* DIRECTIONS: Whenever a line contains the string "label", copy it out of the entries.

* EXERCISE MATERIAL:
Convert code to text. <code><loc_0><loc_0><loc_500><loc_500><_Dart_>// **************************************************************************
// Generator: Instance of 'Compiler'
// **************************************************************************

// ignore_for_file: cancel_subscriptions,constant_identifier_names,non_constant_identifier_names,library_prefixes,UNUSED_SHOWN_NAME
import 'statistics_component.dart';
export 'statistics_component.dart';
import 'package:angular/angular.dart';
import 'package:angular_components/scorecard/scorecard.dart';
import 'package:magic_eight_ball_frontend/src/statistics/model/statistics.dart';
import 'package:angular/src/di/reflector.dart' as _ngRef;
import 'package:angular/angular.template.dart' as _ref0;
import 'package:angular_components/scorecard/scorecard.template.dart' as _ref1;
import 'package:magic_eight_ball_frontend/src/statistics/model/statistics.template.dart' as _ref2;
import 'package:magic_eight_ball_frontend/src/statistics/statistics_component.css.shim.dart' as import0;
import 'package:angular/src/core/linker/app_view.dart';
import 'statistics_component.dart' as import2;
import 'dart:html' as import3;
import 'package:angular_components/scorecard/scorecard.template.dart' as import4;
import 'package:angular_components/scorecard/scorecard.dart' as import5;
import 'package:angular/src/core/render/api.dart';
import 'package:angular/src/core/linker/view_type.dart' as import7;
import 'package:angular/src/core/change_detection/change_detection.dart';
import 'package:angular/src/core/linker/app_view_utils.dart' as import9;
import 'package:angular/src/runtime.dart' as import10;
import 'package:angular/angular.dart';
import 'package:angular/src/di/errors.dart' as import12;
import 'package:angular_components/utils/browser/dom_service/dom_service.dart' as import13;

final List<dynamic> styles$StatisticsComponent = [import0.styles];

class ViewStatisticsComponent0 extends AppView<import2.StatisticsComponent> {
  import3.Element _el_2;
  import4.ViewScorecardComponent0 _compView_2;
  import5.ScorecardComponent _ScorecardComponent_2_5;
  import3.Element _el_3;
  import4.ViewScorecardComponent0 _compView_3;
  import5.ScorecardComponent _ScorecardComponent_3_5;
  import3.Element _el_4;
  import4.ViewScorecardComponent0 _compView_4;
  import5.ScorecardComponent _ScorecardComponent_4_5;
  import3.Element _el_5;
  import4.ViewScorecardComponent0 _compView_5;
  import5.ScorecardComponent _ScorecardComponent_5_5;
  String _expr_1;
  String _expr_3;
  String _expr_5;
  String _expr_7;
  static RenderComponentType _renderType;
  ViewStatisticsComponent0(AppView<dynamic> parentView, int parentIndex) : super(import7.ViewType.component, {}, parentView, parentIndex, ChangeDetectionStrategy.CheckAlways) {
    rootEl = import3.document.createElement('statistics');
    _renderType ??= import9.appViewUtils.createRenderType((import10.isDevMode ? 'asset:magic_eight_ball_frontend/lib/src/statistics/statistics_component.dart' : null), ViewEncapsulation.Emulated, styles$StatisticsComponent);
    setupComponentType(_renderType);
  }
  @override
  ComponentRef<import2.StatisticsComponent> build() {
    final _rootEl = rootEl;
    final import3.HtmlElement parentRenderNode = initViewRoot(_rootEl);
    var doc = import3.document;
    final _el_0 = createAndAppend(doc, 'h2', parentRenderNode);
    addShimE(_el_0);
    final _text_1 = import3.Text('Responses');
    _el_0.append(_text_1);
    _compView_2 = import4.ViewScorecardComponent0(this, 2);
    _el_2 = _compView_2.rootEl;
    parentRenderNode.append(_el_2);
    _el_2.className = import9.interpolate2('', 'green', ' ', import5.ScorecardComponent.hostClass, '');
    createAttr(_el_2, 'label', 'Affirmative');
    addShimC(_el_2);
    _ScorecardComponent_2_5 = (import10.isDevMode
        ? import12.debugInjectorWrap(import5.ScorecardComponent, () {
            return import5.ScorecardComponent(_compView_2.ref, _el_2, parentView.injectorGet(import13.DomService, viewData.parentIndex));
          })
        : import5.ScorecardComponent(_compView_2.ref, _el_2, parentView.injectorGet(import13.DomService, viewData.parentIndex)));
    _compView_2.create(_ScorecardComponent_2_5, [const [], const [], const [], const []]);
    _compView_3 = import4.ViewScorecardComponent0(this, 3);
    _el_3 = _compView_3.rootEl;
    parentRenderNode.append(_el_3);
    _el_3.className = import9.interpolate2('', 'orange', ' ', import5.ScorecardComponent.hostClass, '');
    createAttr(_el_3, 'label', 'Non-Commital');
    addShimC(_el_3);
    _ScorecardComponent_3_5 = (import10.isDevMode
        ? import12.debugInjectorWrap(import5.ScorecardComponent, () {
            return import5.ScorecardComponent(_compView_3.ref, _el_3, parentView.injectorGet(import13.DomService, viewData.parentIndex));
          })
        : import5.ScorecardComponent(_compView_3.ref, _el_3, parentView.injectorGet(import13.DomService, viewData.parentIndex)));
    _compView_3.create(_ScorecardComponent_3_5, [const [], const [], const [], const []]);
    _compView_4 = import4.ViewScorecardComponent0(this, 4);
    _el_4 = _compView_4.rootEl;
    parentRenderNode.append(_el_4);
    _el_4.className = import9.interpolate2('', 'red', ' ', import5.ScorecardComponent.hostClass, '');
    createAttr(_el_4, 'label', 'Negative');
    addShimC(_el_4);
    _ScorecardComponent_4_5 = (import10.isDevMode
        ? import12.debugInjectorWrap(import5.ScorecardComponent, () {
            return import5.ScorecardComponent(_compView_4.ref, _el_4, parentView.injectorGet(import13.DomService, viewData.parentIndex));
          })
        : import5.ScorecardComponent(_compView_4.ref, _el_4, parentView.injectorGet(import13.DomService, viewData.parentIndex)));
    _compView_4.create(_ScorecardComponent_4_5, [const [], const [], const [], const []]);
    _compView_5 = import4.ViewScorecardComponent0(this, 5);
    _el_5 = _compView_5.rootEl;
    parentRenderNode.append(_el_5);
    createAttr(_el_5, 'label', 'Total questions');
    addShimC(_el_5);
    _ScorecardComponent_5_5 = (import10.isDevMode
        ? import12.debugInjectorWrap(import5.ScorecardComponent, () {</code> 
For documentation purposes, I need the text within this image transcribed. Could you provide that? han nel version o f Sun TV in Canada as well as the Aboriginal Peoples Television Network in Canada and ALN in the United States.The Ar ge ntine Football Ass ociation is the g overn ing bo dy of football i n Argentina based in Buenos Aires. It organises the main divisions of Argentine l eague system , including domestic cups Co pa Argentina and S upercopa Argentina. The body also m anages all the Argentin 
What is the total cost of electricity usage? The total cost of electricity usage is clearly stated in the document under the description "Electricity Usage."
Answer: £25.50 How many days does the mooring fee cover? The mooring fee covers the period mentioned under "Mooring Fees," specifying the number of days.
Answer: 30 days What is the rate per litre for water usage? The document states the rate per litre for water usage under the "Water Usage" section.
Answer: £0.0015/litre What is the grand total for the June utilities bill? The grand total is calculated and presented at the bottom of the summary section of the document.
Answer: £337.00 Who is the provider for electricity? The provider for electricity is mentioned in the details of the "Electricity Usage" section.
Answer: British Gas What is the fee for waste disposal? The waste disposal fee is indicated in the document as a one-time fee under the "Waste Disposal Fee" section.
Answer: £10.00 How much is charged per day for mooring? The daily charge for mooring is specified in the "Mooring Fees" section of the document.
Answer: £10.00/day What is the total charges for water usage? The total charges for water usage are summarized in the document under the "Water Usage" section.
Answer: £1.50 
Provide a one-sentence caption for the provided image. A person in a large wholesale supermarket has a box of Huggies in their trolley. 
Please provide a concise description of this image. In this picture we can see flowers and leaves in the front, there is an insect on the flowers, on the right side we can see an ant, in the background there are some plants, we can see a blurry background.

* TASK ANSWER:
    createAttr(_el_2, 'label', 'Affirmative');
    createAttr(_el_3, 'label', 'Non-Commital');
    createAttr(_el_4, 'label', 'Negative');
    createAttr(_el_5, 'label', 'Total questions');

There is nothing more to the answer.